Towards characterization of Female Genital Mutilation (FGM) in rural Nigeria|
Odo, Amelia Ngozi; Dibia, Samuel Ifeanyi Christian; Nwagu, Evelyn Nwanebe; Umoke, MaryJoy & Umoke, Prince Christian Ifeanachor
Background: Female genital mutilation (FGM) is a public health challenge and seems to be secretly practiced in some rural
communities, despite the ban in Nigeria.
Objectives: The study aimed to identify the activities that are involved in FGM, type(s) of FGM practiced and the knowledge
of health implications of FGM among rural community members in Ebonyi State, Nigeria.
Methods: We employed exploratory design using qualitative technique. In-depth interviews were conducted with 44 adult
(18 years and older) volunteers in four rural communities in Ebonyi State, Nigeria.
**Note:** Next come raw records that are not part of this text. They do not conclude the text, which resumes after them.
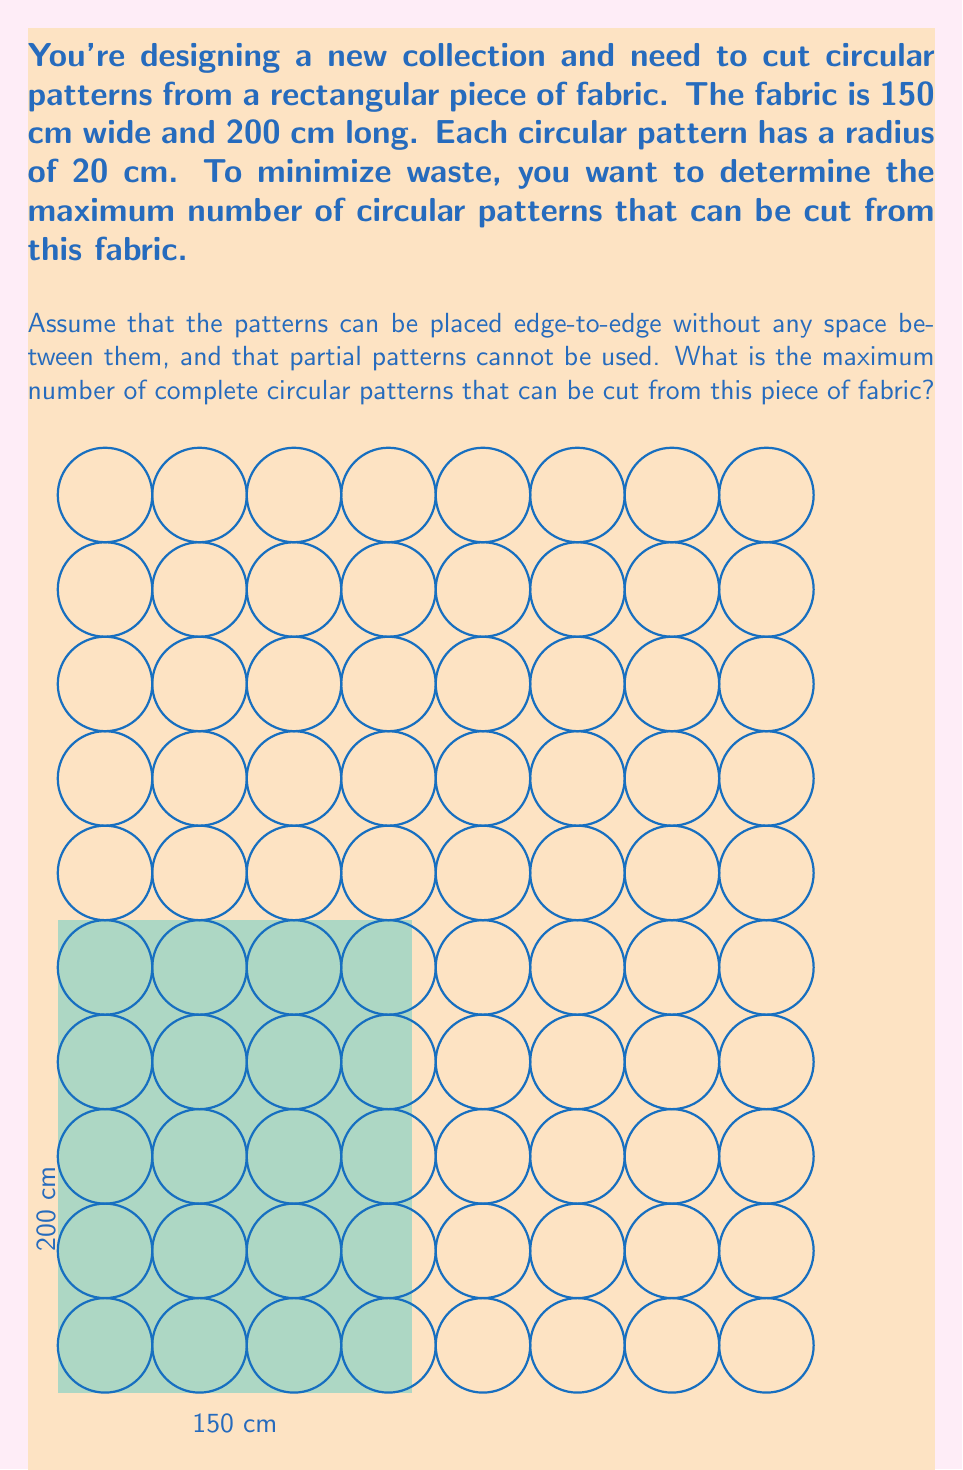Can you answer this question? Let's approach this step-by-step:

1) First, we need to calculate how many circles can fit along the width and length of the fabric:

   - Width: $150 \text{ cm} \div (2 \times 20 \text{ cm}) = 3.75$
   - Length: $200 \text{ cm} \div (2 \times 20 \text{ cm}) = 5$

2) We round down to the nearest whole number, as we can't use partial circles:
   - Width: 3 circles
   - Length: 5 circles

3) Now, we can calculate the total number of circles:

   $$ \text{Total circles} = 3 \times 5 = 15 $$

4) However, we can optimize further. Notice that we have some extra space:
   - Extra width: $150 \text{ cm} - (3 \times 40 \text{ cm}) = 30 \text{ cm}$
   - Extra length: $200 \text{ cm} - (5 \times 40 \text{ cm}) = 0 \text{ cm}$

5) We can fit one more column of circles in this 30 cm space:

   $$ \text{New total} = 4 \times 5 = 20 $$

6) To verify, let's check the total width used:
   $$ 4 \times 40 \text{ cm} = 160 \text{ cm} $$
   This exceeds our fabric width, so we need to adjust.

7) We can fit the circles in a staggered pattern to maximize space usage:
   - In odd rows: 4 circles
   - In even rows: 3 circles

8) Calculate the new total:
   $$ \text{Final total} = (3 \times 4) + (2 \times 3) = 18 $$

This arrangement fits within our fabric dimensions and maximizes the number of circles.
Answer: 18 circular patterns 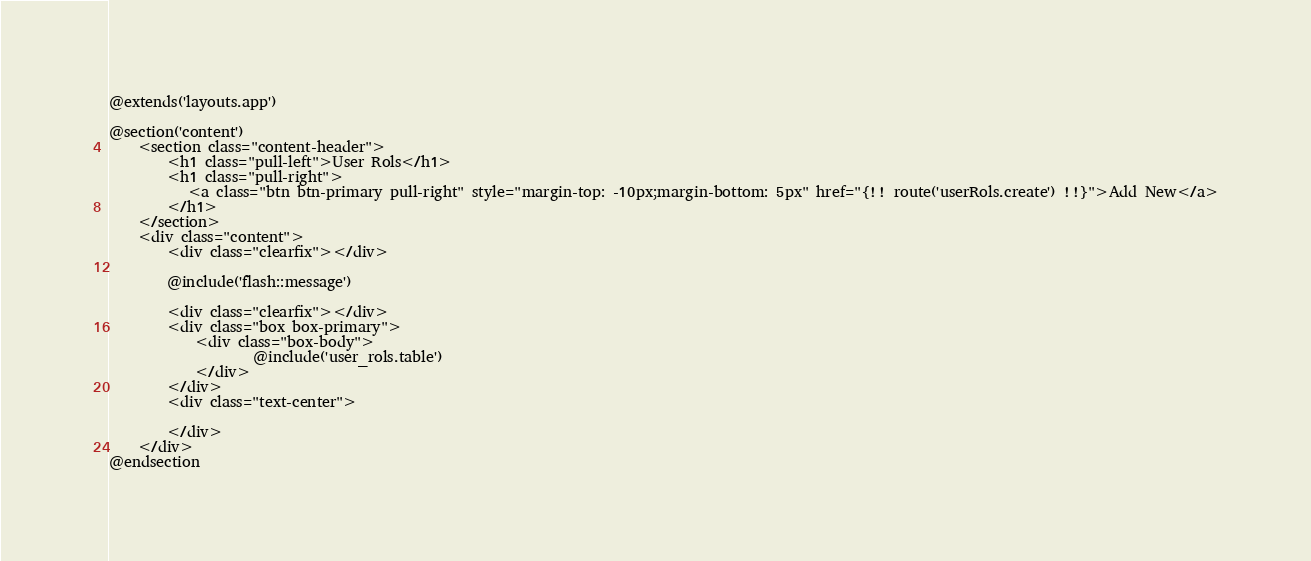Convert code to text. <code><loc_0><loc_0><loc_500><loc_500><_PHP_>@extends('layouts.app')

@section('content')
    <section class="content-header">
        <h1 class="pull-left">User Rols</h1>
        <h1 class="pull-right">
           <a class="btn btn-primary pull-right" style="margin-top: -10px;margin-bottom: 5px" href="{!! route('userRols.create') !!}">Add New</a>
        </h1>
    </section>
    <div class="content">
        <div class="clearfix"></div>

        @include('flash::message')

        <div class="clearfix"></div>
        <div class="box box-primary">
            <div class="box-body">
                    @include('user_rols.table')
            </div>
        </div>
        <div class="text-center">
        
        </div>
    </div>
@endsection

</code> 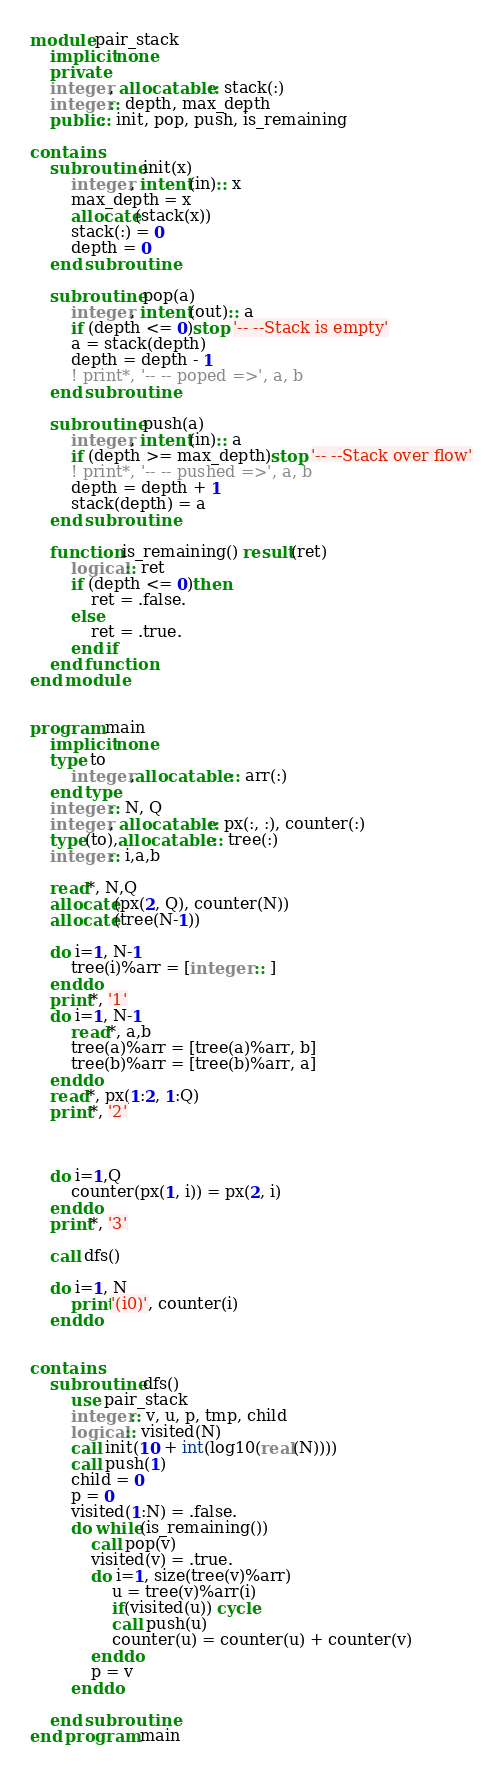<code> <loc_0><loc_0><loc_500><loc_500><_FORTRAN_>module pair_stack
    implicit none
    private
    integer, allocatable:: stack(:)
    integer:: depth, max_depth
    public:: init, pop, push, is_remaining

contains
    subroutine init(x)
        integer, intent(in):: x
        max_depth = x
        allocate(stack(x))
        stack(:) = 0
        depth = 0
    end subroutine

    subroutine pop(a)
        integer, intent(out):: a
        if (depth <= 0)stop '-- --Stack is empty'
        a = stack(depth)
        depth = depth - 1
        ! print*, '-- -- poped =>', a, b
    end subroutine

    subroutine push(a)
        integer, intent(in):: a
        if (depth >= max_depth)stop '-- --Stack over flow'
        ! print*, '-- -- pushed =>', a, b
        depth = depth + 1
        stack(depth) = a
    end subroutine

    function is_remaining() result(ret)
        logical:: ret
        if (depth <= 0)then
            ret = .false.
        else
            ret = .true.
        end if
    end function
end module


program main
    implicit none
    type to
        integer,allocatable :: arr(:)
    end type
    integer:: N, Q
    integer, allocatable:: px(:, :), counter(:)
    type(to),allocatable :: tree(:)
    integer:: i,a,b

    read*, N,Q
    allocate(px(2, Q), counter(N))
    allocate(tree(N-1))

    do i=1, N-1
        tree(i)%arr = [integer :: ]
    enddo
    print*, '1'
    do i=1, N-1
        read*, a,b
        tree(a)%arr = [tree(a)%arr, b]
        tree(b)%arr = [tree(b)%arr, a]
    enddo
    read*, px(1:2, 1:Q)
    print*, '2'

    

    do i=1,Q
        counter(px(1, i)) = px(2, i)
    enddo
    print*, '3'

    call dfs()
    
    do i=1, N
        print'(i0)', counter(i)
    enddo


contains
    subroutine dfs()
        use pair_stack
        integer:: v, u, p, tmp, child
        logical:: visited(N)
        call init(10 + int(log10(real(N))))
        call push(1)
        child = 0
        p = 0
        visited(1:N) = .false.
        do while(is_remaining())
            call pop(v)
            visited(v) = .true.
            do i=1, size(tree(v)%arr)
                u = tree(v)%arr(i)
                if(visited(u)) cycle
                call push(u)
                counter(u) = counter(u) + counter(v)
            enddo
            p = v
        enddo

    end subroutine
end program main</code> 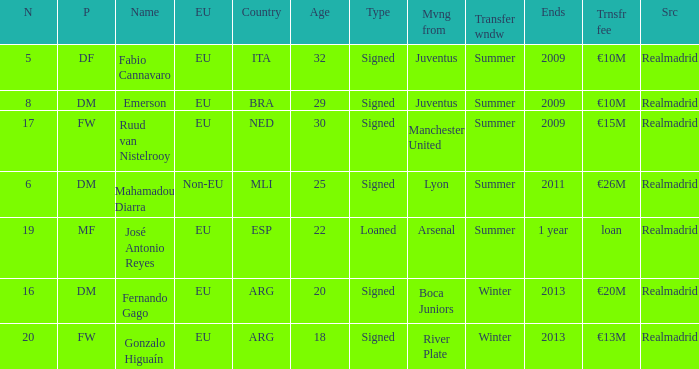What is the type of the player whose transfer fee was €20m? Signed. 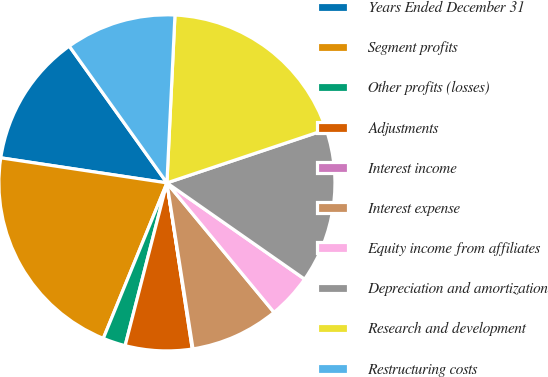Convert chart. <chart><loc_0><loc_0><loc_500><loc_500><pie_chart><fcel>Years Ended December 31<fcel>Segment profits<fcel>Other profits (losses)<fcel>Adjustments<fcel>Interest income<fcel>Interest expense<fcel>Equity income from affiliates<fcel>Depreciation and amortization<fcel>Research and development<fcel>Restructuring costs<nl><fcel>12.75%<fcel>21.2%<fcel>2.18%<fcel>6.41%<fcel>0.07%<fcel>8.52%<fcel>4.29%<fcel>14.86%<fcel>19.09%<fcel>10.63%<nl></chart> 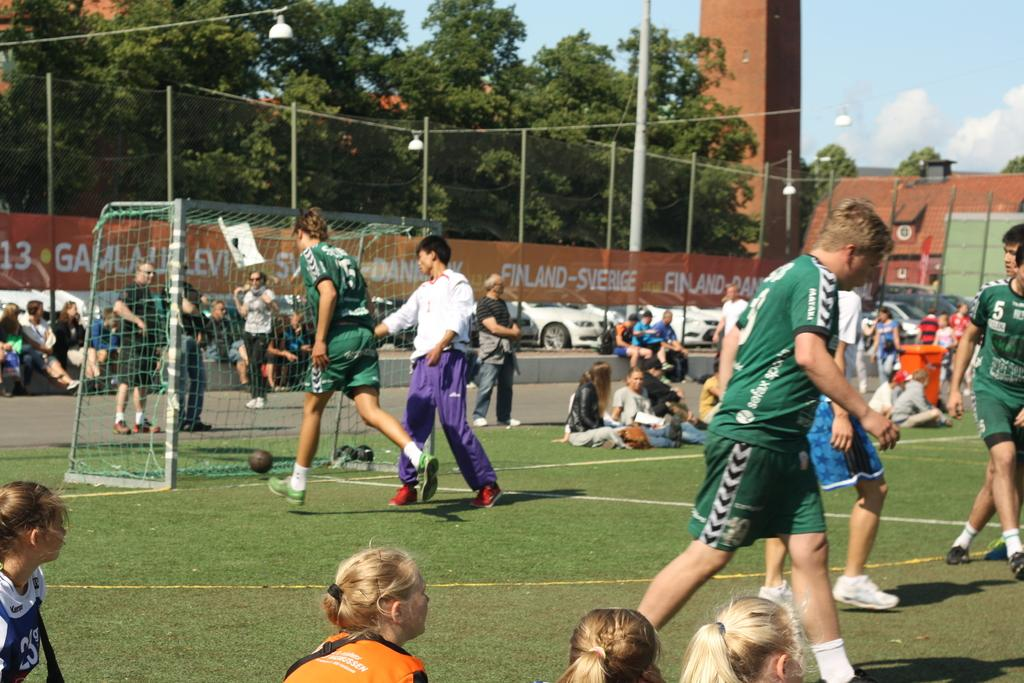<image>
Describe the image concisely. A group of soccer players, one of which wearing the number 5, on a soccer field. 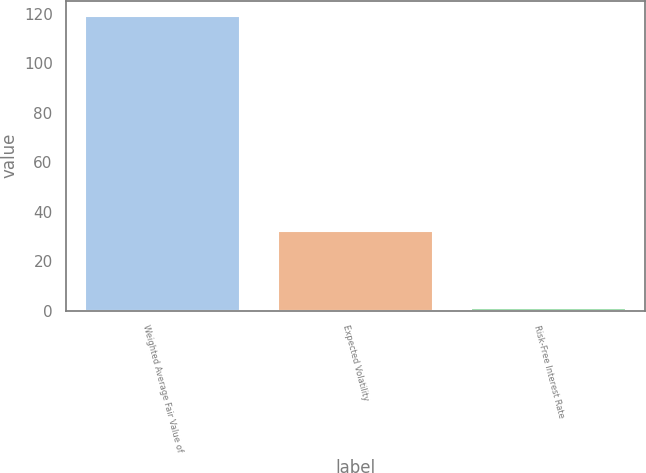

After thematic analysis using NVivo 11
Pro software, eight sub-themes emerged, among which are: types of FGM practiced, seasons for FGM, FGM by health
workers and community leaders, punishment for refusing FGM and knowledge of health implications of FGM.
Results: Findings show that FGM is more like a process than just an act, and type most practiced in the study area is Type
1. Circumcisers are health workers and women leaders. Knowledge of health implications of FGM was found to be low
among those interviewed.
Conclusion: Based on the findings, we concluded that FGM is still practiced in some rural communities in Nigeria, maybe
because of poor knowledge of health implications of FGM.
Female genital mutilation; qualitative study; practice; health implications; Nigeria.